Analysis: Labour in need of fresh blood and united front
Brendan Howlin must bring the party back to its core and reclaim working-class votes
Alan Kelly will have to settle for a position below Howlin, and is likely to be a brooding, bulky presence in a parliamentary party too small to pretend he isn’t there.
In the end it was a coronation. The process that resulted in Brendan Howlin becoming the new leader of the Labour Party was seamless. The politics of it, on the other hand, is more gnarled and twisted.
There will be uncomfortable questions asked about the uncontested nature of the process.
Over four days this week, the remaining seven Labour TDs met for hours in tense sessions to discuss the leadership of their party. Six agreed that a consensus candidate should emerge from the parliamentary party, and that person should be Brendan Howlin.
Party rules stipulate that anyone wishing to be leader needs a proposer and seconder from the ranks of TDs. Alan Kelly could propose himself but failed to get a seconder. Limerick TD Jan O’Sullivan came under particular pressure to second him but held firm.
Kelly’s supporters claim that Howlin wanted a coronation and felt a contest was beneath him; that the Wexford TD, who lost out on leadership twice before, was afraid he would lose again.

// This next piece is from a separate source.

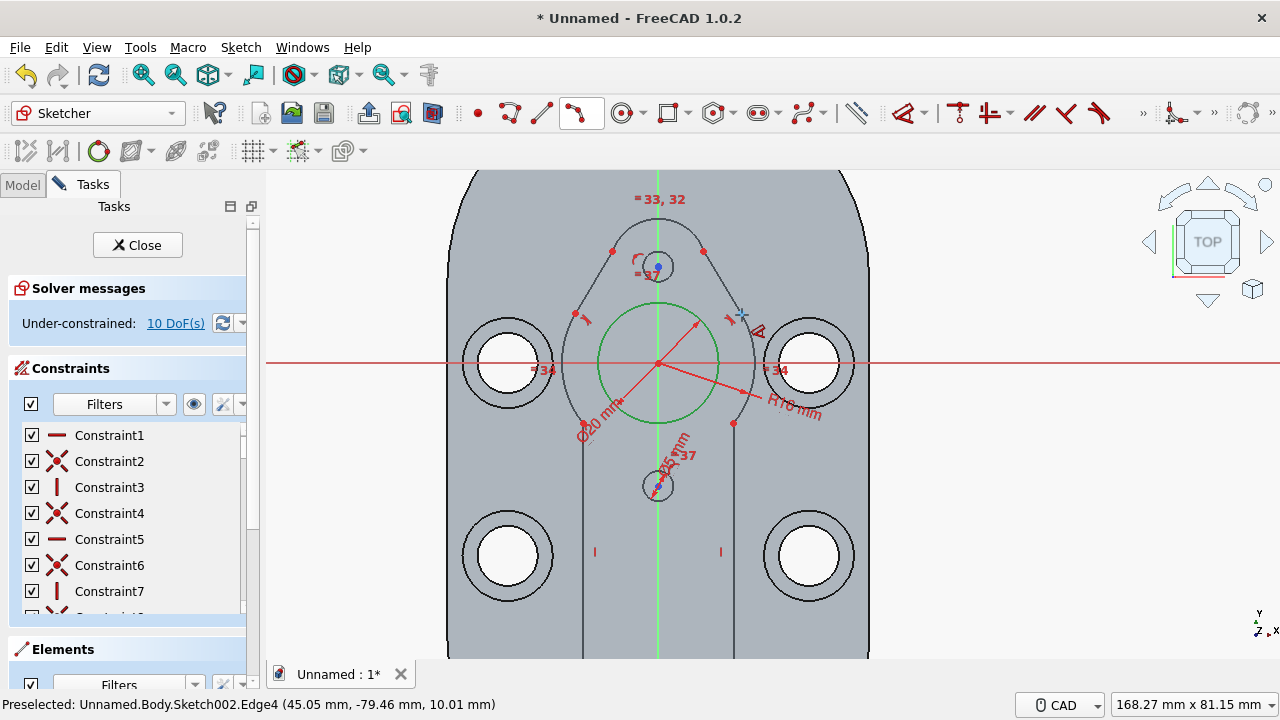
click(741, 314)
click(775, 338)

There will be blowback, there’s no doubt about that. The respected Galway councillor Niall McNelis yesterday complained that the leadership question should have been put to the wider membership. In a cutting line, he said the fate of the party had been decided by four people (neither Joan Burton nor party chairman Willie Penrose participated in the decision) rather than 4,000.
Respect and authority
The tailwind that saw Kelly triumph in the deputy leadership context two years ago might not blow quite as hard this time of asking.
And it wasn’t really undemocratic. The rules were observed to the letter, if not the spirit, of the law. But the optics are not great. Kelly was not there when the new leader was unveiled. It suggests a split. Howlin will have to work hard to ensure it’s temporary, not permanent.
That said, there were stark, unavoidable, political considerations. The party is in dire straits. Most of its base built up over generations has evaporated, or gone elsewhere. A long painful period of rehabilitation awaits.
Howlin is vastly experienced. A previous minister for health and minister for the environment, he was a highly effective minister for public expenditure and reform between 2011 and 2016.
After the election, questions were asked about his appetite for the chase. His demeanour in recent days suggests he is no longer reluctant but up for the challenge. He needs to examine his manner and presentation, though, which can tend towards pomposity.
Lost territoryFine GaelFianna Fáil
There’s no avoiding a difficulty within the parliamentary party. Kelly’s “AK47” nickname is not for nothing, and speaks to his quick temper and aggressive manner. His scrapes with officials have become the thing of legend in political and government circles.
“He’s the opposite of what we need to win back voters in the leafy suburbs – which is where we’ll win them back first. He’s a Fianna Fáiler who is in the party through accident of birth,” was the cutting verdict of an internal critic.
Few believe this will be the end of Kelly. Howlin will lead the party into the next election but it is unlikely for much longer after that. At that juncture, Kelly will have strong competition from the likes of Aodhán Ó Ríordáin and Ged Nash, among others.
For now, Kelly will have to settle for a position below Howlin, and is likely to be a brooding, bulky presence in a parliamentary party too small to pretend he isn’t there. Howlin’s immediate challenge is to present a united front, work on core principles, and be assertive. Eclipsed by others who are bigger and more shouty, the first six months will be crucial if he is to make a success of his leadership.